As a creative bioinformatician with training in molecular biology and pharmaceutical sciences, I excel in the translation of biomedical problems into computational solutions in the area of personalized medicine. I have a strong track record in methodology and technology development, both in the laboratory and at the computer. My analytical skills allow me to quickly trace hidden treasures and potential flaws in proposed solutions to complex problems. Members of my team appreciate my constructive criticism, dedication, ambition and care for science and my attention for their personal lives and capacity development. To see PhD students and postdocs grow to independence is among the most rewarding aspects of my current work.

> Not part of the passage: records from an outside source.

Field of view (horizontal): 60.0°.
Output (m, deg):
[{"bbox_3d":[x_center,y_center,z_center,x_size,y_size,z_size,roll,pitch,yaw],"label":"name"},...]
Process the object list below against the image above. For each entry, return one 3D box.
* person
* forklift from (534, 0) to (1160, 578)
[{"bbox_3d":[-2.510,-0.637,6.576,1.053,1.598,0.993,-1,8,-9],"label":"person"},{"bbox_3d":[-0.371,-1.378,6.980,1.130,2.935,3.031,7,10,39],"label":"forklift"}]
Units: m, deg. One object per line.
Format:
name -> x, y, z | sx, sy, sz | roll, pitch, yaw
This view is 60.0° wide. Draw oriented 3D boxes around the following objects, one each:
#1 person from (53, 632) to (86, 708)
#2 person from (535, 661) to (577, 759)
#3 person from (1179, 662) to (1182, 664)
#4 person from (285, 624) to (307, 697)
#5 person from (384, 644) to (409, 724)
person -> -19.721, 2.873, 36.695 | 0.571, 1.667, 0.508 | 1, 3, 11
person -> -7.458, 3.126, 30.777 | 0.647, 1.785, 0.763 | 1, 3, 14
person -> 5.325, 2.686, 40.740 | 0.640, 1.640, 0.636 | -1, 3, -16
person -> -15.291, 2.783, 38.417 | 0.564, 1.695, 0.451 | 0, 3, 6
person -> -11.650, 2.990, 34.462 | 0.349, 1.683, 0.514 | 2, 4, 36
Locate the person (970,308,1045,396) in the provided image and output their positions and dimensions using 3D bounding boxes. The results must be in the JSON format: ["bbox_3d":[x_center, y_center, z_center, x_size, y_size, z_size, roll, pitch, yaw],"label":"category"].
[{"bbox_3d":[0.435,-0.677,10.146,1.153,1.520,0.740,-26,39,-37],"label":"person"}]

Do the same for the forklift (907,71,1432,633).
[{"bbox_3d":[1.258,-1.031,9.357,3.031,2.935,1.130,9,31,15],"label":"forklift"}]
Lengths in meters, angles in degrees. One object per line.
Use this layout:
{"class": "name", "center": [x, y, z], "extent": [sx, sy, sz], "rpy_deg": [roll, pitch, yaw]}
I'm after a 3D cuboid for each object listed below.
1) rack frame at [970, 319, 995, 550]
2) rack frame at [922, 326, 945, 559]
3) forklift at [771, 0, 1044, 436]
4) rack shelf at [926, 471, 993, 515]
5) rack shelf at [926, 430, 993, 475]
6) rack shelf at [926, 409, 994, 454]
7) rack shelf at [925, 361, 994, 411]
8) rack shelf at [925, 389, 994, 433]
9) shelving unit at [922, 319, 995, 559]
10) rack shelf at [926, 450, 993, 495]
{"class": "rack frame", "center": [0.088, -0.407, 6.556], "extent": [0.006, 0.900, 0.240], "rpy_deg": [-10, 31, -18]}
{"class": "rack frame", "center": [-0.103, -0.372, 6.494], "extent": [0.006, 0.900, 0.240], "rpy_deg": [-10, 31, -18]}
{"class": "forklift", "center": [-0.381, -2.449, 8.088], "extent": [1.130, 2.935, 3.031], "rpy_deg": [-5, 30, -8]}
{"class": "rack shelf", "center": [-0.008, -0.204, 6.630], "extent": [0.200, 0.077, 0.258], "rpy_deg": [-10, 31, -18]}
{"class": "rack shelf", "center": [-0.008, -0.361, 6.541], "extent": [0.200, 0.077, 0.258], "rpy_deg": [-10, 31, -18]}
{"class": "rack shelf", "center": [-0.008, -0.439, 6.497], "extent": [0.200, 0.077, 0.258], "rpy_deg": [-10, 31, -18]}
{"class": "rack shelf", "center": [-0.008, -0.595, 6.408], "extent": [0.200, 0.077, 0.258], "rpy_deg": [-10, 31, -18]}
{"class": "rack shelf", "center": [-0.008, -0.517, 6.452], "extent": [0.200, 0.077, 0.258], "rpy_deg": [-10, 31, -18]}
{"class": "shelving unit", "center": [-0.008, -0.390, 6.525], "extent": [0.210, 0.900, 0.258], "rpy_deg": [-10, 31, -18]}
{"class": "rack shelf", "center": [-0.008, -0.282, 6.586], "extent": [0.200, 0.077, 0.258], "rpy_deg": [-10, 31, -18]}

I am dedicated to the advancement of personalized medicine approaches for rare diseases by integrative use of -omics and clinical data. I am the coordinator of the European SIMPATHIC project aiming for acceleration of drug repurposing for rare neurological, neurometabolic and neuromuscular disorders. I am leading the Radboudumc program on neuromuscular disorders and has myotonic dystrophy as disease focus. Since data from rare disease patient is scarce and fragmented, I dedicate a significant amount of time in making data Findable, Accessible, Interoperable and Reusable and on developing infrastructure for the federated analysis of personal data such as advocated by the Personal Health Train initiative. To this end, I am directing the data analysis, integration and stewardship pillar within the Netherlands X-omics initiative; I am actively contributing to other data infrastructures such as HealthyData (workpackage leader “unlocking” data), HealthRI (national; tactical lead for the Nijmegen region), and international infrastructures such as European Rare Diseases Research Alliance (ERDERA), EURO-NMD registry, EATRIS and ELIXIR. I am FAIR and Open Science ambassador in Radboud university medical center and member of the steeringboard of the Dutch regieorgaan OpenScience.NL.